## WORK INSTRUCTION
What is needed is an exact copy of the lines in the entries below from the one holding "Can you read" through the one holding "income<fcel>Interest expense<fcel>Net interest", pictures excluded.

## DATA IN THIS EXERCISE
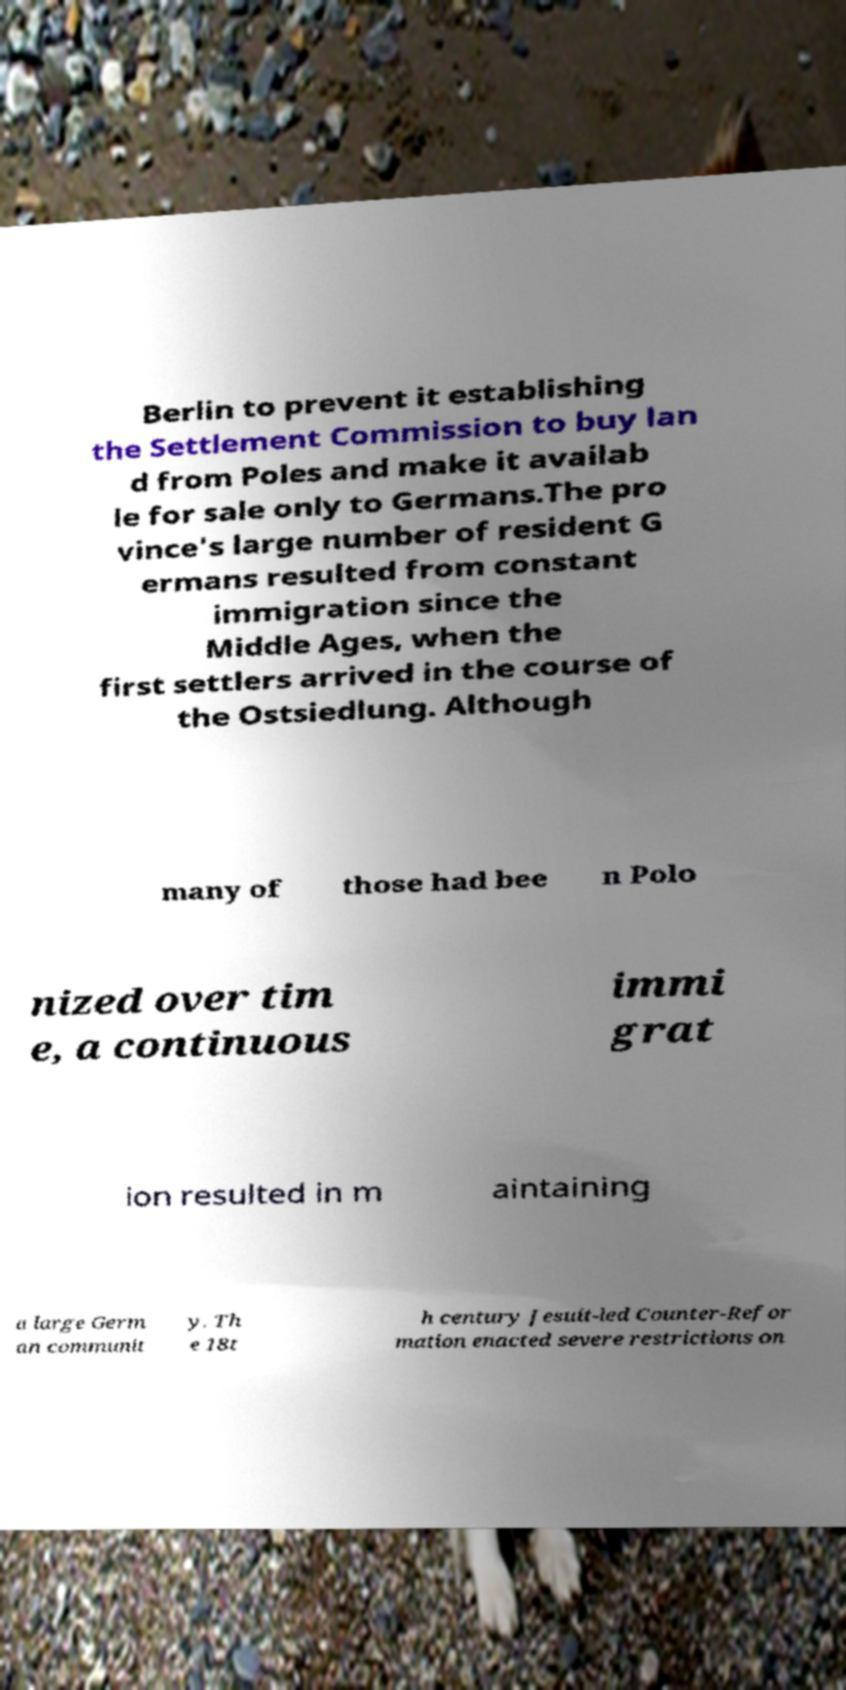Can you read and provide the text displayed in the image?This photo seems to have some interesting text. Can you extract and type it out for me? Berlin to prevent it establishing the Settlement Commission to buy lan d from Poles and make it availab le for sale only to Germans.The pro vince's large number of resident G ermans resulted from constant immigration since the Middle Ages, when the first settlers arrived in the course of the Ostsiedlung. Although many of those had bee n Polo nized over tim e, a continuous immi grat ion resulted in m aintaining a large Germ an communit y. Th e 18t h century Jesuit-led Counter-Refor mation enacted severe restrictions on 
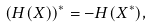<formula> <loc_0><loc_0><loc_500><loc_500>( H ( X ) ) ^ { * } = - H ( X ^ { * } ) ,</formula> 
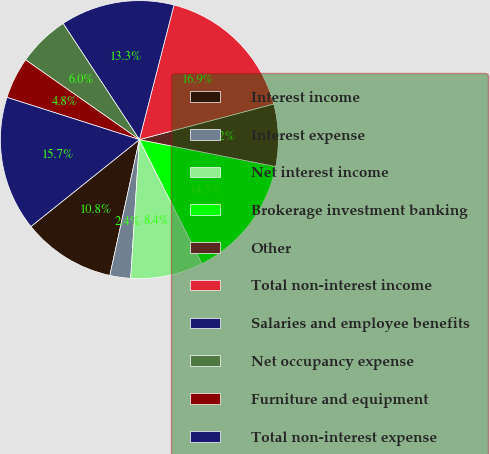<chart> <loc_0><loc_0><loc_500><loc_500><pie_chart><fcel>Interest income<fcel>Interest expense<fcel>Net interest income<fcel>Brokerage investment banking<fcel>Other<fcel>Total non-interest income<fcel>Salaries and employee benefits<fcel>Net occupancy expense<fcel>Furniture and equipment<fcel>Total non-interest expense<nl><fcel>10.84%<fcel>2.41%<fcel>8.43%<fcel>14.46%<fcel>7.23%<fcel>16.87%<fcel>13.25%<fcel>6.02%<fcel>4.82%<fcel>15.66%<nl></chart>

...

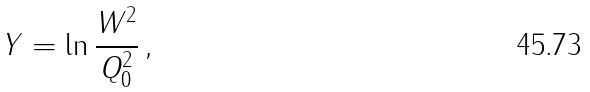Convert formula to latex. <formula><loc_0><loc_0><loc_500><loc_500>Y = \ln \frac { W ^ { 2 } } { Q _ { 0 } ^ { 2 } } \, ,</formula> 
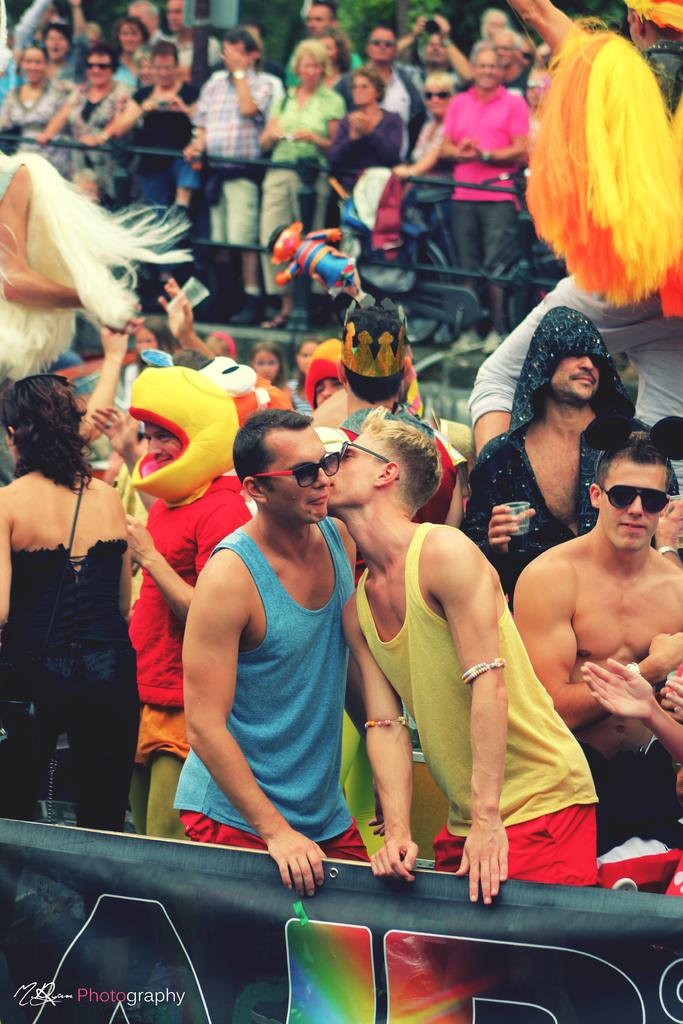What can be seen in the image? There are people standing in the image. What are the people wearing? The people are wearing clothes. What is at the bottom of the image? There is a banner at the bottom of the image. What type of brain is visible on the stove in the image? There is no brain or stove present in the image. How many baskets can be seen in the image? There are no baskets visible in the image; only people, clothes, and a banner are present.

...

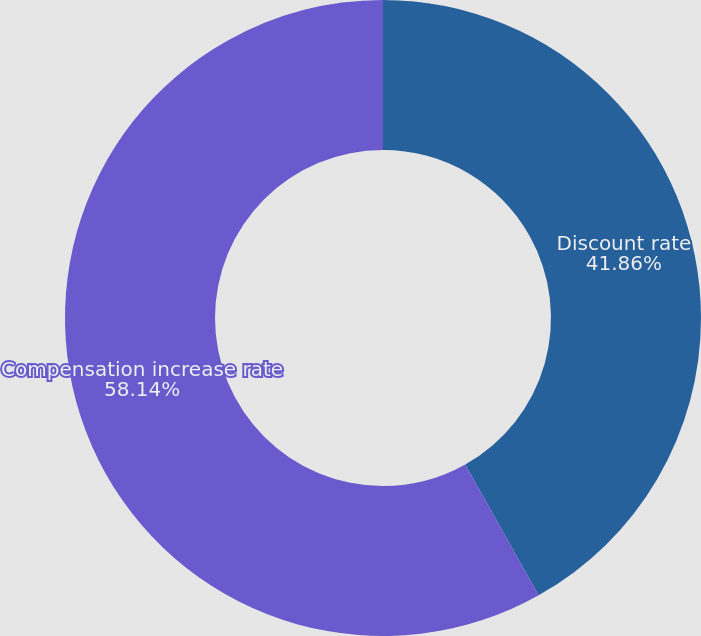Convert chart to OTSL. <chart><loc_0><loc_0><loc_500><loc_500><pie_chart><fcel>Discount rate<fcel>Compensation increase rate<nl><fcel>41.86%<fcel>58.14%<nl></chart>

## REPLY TO THE TASK
Can you read and provide the text displayed in the image?This photo seems to have some interesting text. Can you extract and type it out for me? Berlin to prevent it establishing the Settlement Commission to buy lan d from Poles and make it availab le for sale only to Germans.The pro vince's large number of resident G ermans resulted from constant immigration since the Middle Ages, when the first settlers arrived in the course of the Ostsiedlung. Although many of those had bee n Polo nized over tim e, a continuous immi grat ion resulted in m aintaining a large Germ an communit y. Th e 18t h century Jesuit-led Counter-Refor mation enacted severe restrictions on 
<formula> <loc_0><loc_0><loc_500><loc_500>( H ( X ) ) ^ { * } = - H ( X ^ { * } ) ,</formula> 
<chart> <loc_0><loc_0><loc_500><loc_500><pie_chart><fcel>Interest income<fcel>Interest expense<fcel>Net interest income<fcel>Brokerage investment banking<fcel>Other<fcel>Total non-interest income<fcel>Salaries and employee benefits<fcel>Net occupancy expense<fcel>Furniture and equipment<fcel>Total non-interest expense<nl><fcel>10.84%<fcel>2.41%<fcel>8.43%<fcel>14.46%<fcel>7.23%<fcel>16.87%<fcel>13.25%<fcel>6.02%<fcel>4.82%<fcel>15.66%<nl></chart>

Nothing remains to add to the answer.